I could well be mistaken, and welcome the continuous dialogue on market structure innovation. However, many criticisms I saw stemmed from misunderstandings, with some points actually supporting transparent systems like Hyperliquid. Market structure is notoriously counterintuitive, and novel approaches often challenge established paradigms, leading to understandable skepticism.
For example, Hyperliquid pioneered protocol-level cancel prioritization, which has since been implemented by new DEXs and even inspired novel transaction ordering ideas on other blockchains. But at the time, it was considered controversial because it went against traditional market design. I hope that transparent trading will follow a similar path to adoption.
I may have been too ambitious trying to cover a complex argument in a single post. Given the specific patterns in criticisms, I'd like to take this opportunity to zoom in on nuances that were missed in the high level summary. What follows is an argument for the final state of efficient markets, with the understanding that Hyperliquid is far from fully efficient today. However, inefficiency is opportunity for those hungry to act. Hopefully this post can also be a call to action for traders, market makers, and builders to translate transparent markets into the highest quality execution venue for all.
--
Before delving into specific concerns, let’s crystallize some counterintuitive principles that can form a helpful mental model for market structure:
1. Counterparty principle: Benefits of counterparty curation are misattributed to privacy.
Users ultimately care about execution. As studies have shown though, privacy sells. Alternative trading venues often market privacy as the causal feature for improving execution. In reality, the primary source of benefit for users is the screening of counterparties allowed to participate on the venue. Hyperliquid’s market design provides these same benefits more directly and effectively than patchwork solutions. Hyperliquid’s solution also democratizes access, improving execution for all traders large and small.
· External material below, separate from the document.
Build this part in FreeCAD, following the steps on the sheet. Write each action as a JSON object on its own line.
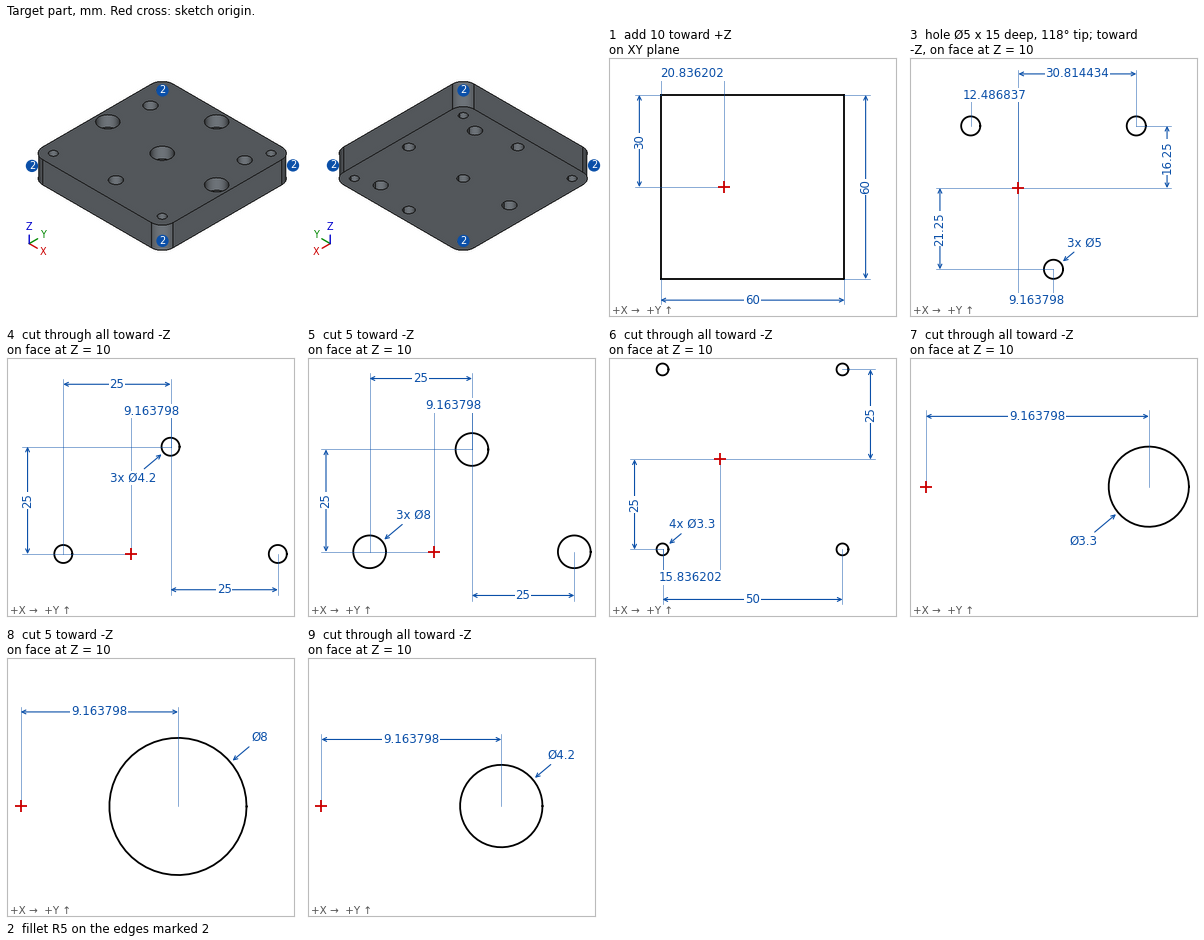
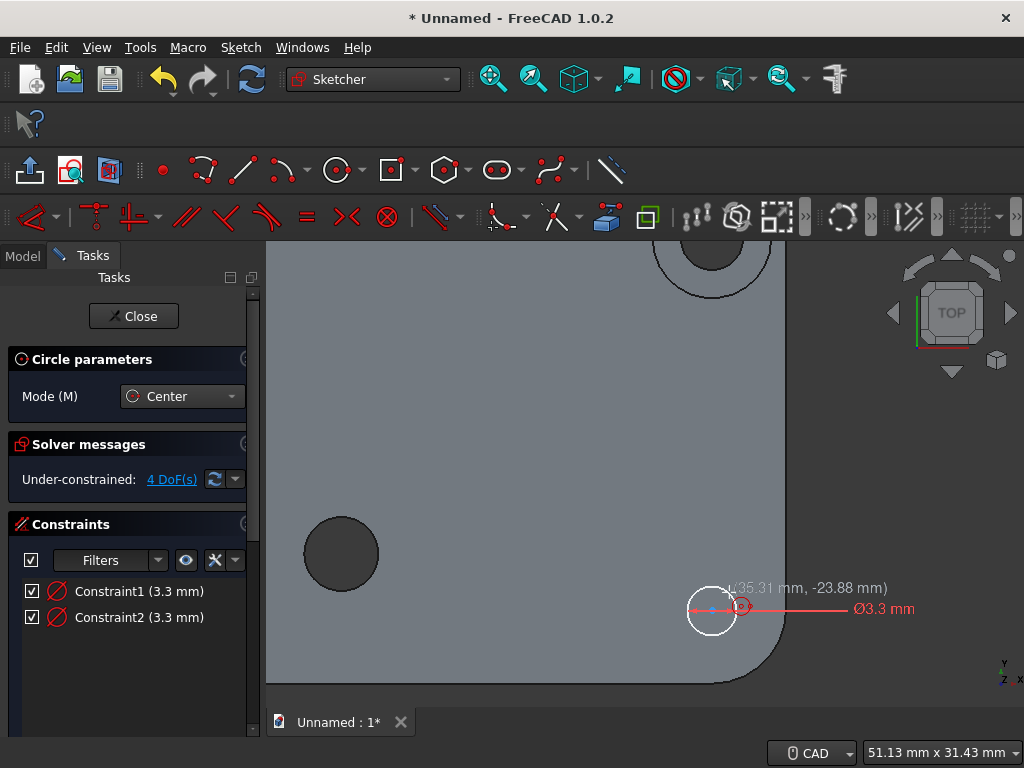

Note that transparency does not mean doxxing. Of course, the exact identity of some traders will fundamentally change the value of the asset. But those traders need not dox themselves, e.g. Warren Buffet can buy BTC and benefit from transparent markets, without tying his identity to his address.
2. Competition principle: Maximizing competition is key to improving execution.
Many traders who want to execute in size have some form of alpha. However, the group of informed medium/long term traders in aggregate is difficult to distinguish even over yearly timeframes, as their realized sharpe is too low for statistical significance. It is challenging to distinguish between a trader with solid medium term alpha and a degenerate gambler who got lucky. Therefore, while the desire to minimize market impact and alpha leakage is natural, it’s usually outweighed by the improved liquidity from transparent markets.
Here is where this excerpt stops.